The Palmer Ort is the southernmost point of the German Baltic Sea island of Rügen and its peninsula of Zudar. The cape lies on the territory of the municipality Garz/Rügen.

== Location ==

Palmer Ort marks the boundary between the Bay of Greifswald and the sound of Strelasund. On the land side, there is a small coastal defence wood in front of the Palmer Ort. Through it runs a woodland path to the Palmer Ort, part of which is laid out as a nature trail, "Know Your World" (Erkenne Deine Welt). The nearest settlement is the small hamlet of Grabow, about 1 kilometre to the northeast. At Palmer Ort itself there is a narrow, natural sandy beach which is not often frequented by visitors because of its isolation. Anglers use the beach to fish for pike.

In winter ice floes at the Palmer Ort often pile up to form heaps of ice several metres in height.

== Palmer Ort in history ==
In 1372, a ship with 90 pilgrims on board sank off the Palmer Ort in a storm. They were travelling on a pilgrimage to St. Lawrence's Church on Zudar. There is a story that there had been a painting of the Blessed Virgin Mary there, which was said to work miracles, but which disappeared after the disaster.

During the Pomeranian campaign of the Great Northern War, Palmer Ort was the scene of hostilities. An invasion fleet of 500 ships from Prussia, Denmark and Saxony sailed towards Palmer Ort on 11 November 1715. Sweden, to which Rügen belonged, gathered its forces in the area of Palmer Ort. The invasion fleet was fired upon from the Zudar peninsula, but no significant losses occurred. The fleet did not actually intend to land at Palmer Ort, which was strongly held by the Swedes, but could not implement its real plan for the landing, due to unfavourable wind conditions.
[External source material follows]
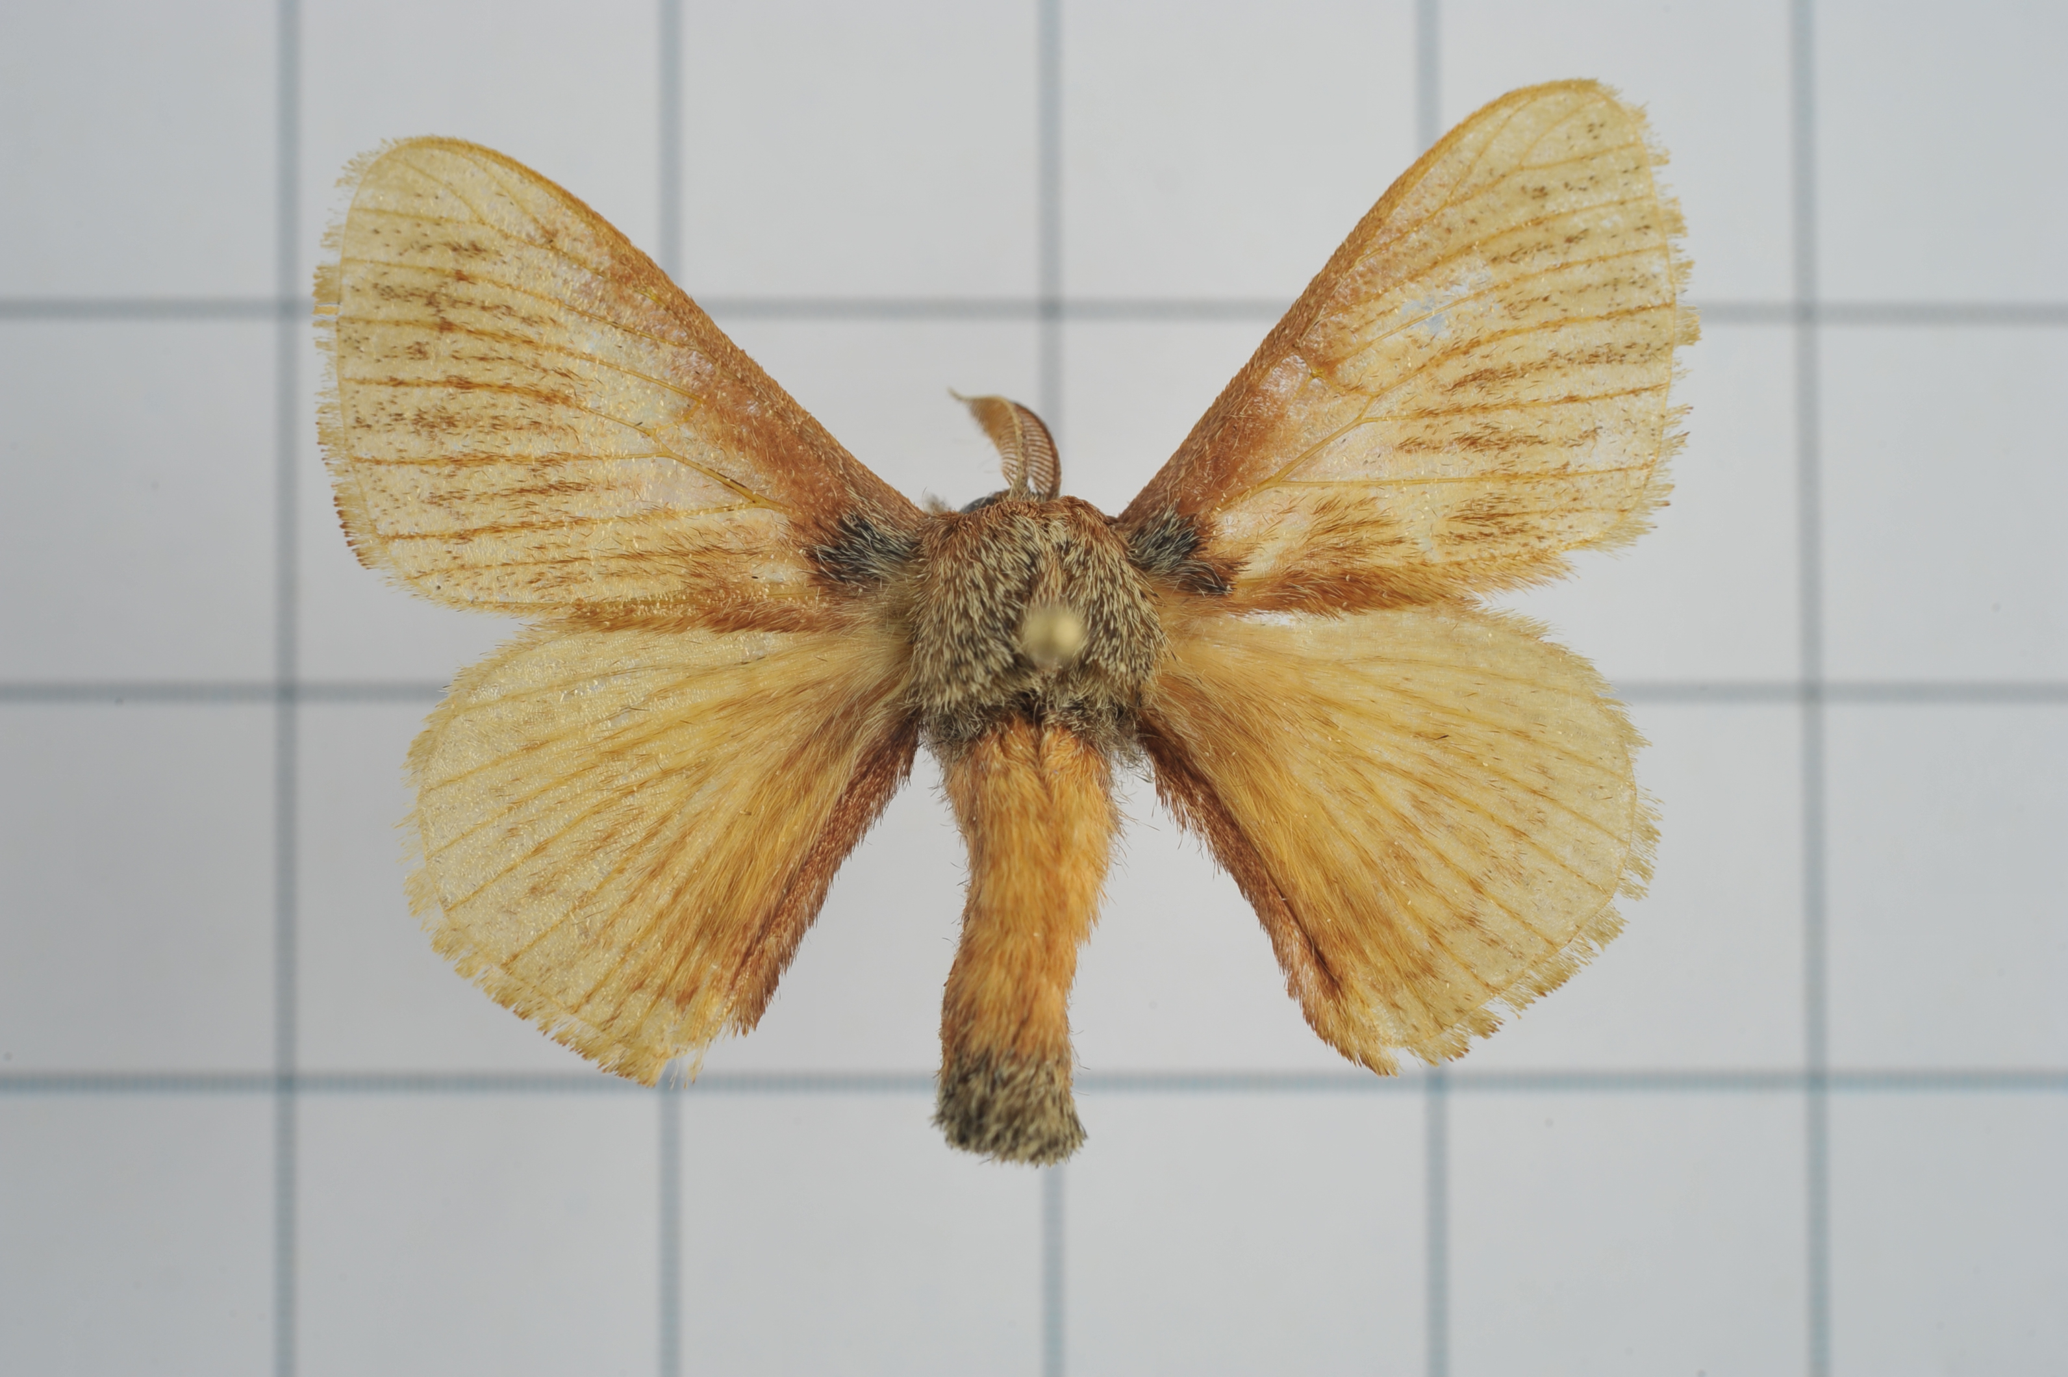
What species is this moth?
Rotunda rotundapex
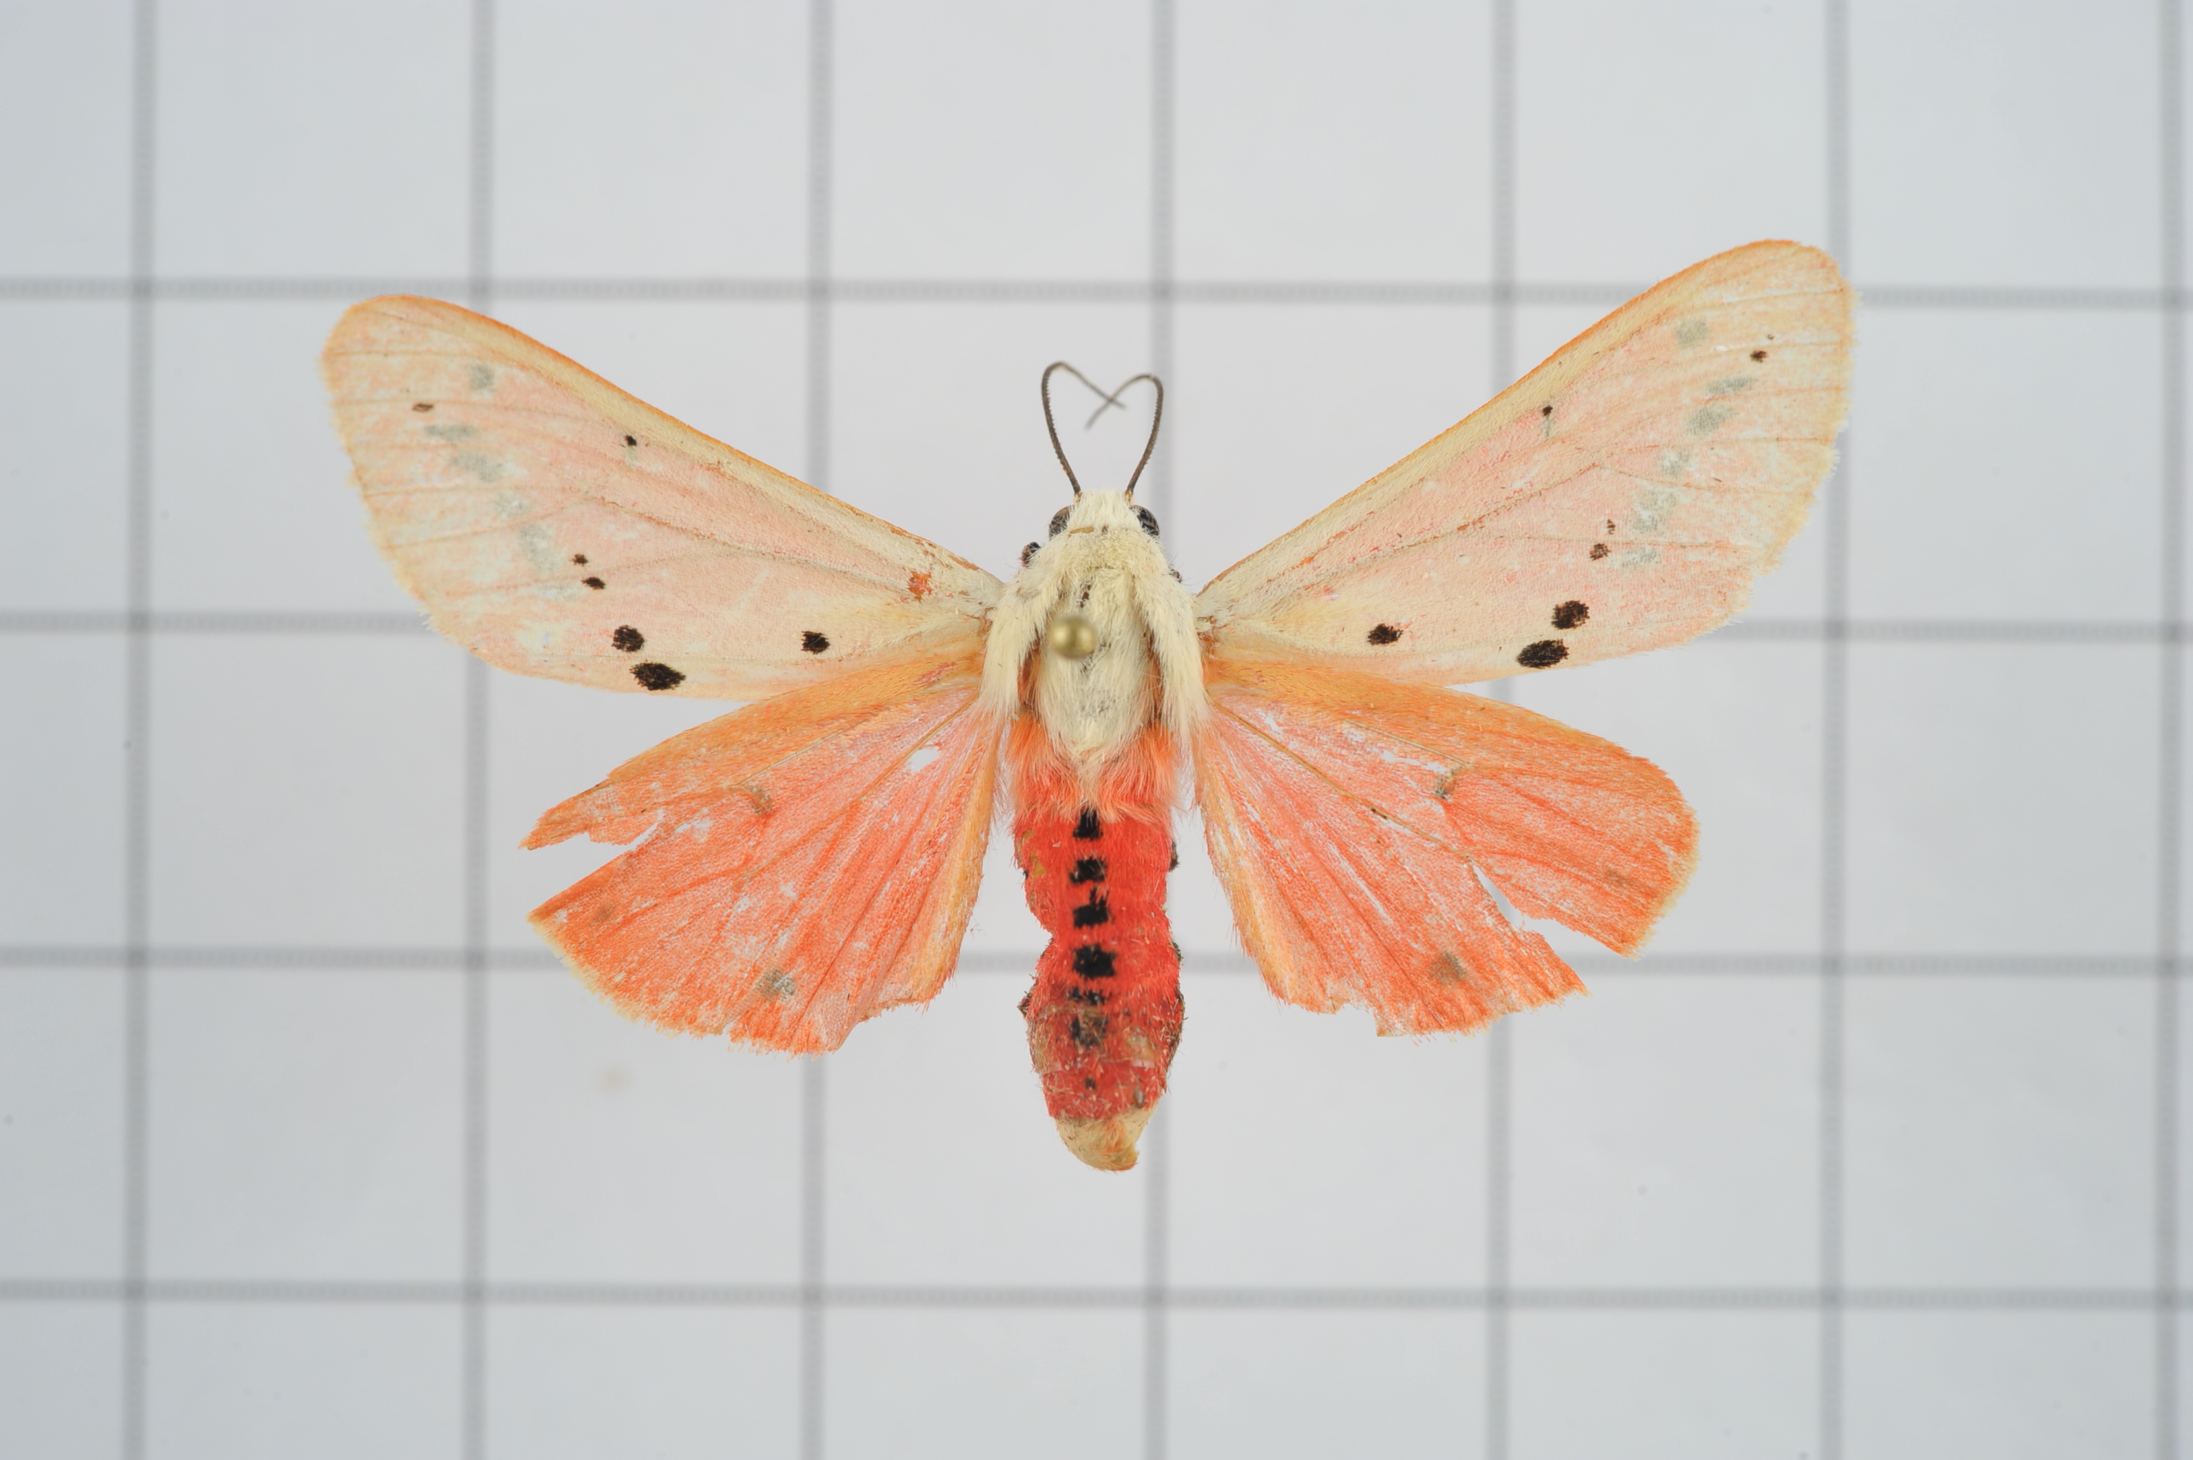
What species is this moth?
Spilarctia subcarnea

A few days later, however, much of the fleet put off to the northeast in the fog, unnoticed by the Swedes, and landed unscathed at Groß Stresow. One of the Prussian columns there commemorates this landing. Some ships were left in front of Palmer Ort to continue to feign a landing attempt there.

== Palmer Ort as a namesake ==

In 1968 a buoy tender belonging to the East German navy, the Volksmarine, was given the name of Palmer Ort. The town of Stralsund named one of its roads Zum Palmer Ort.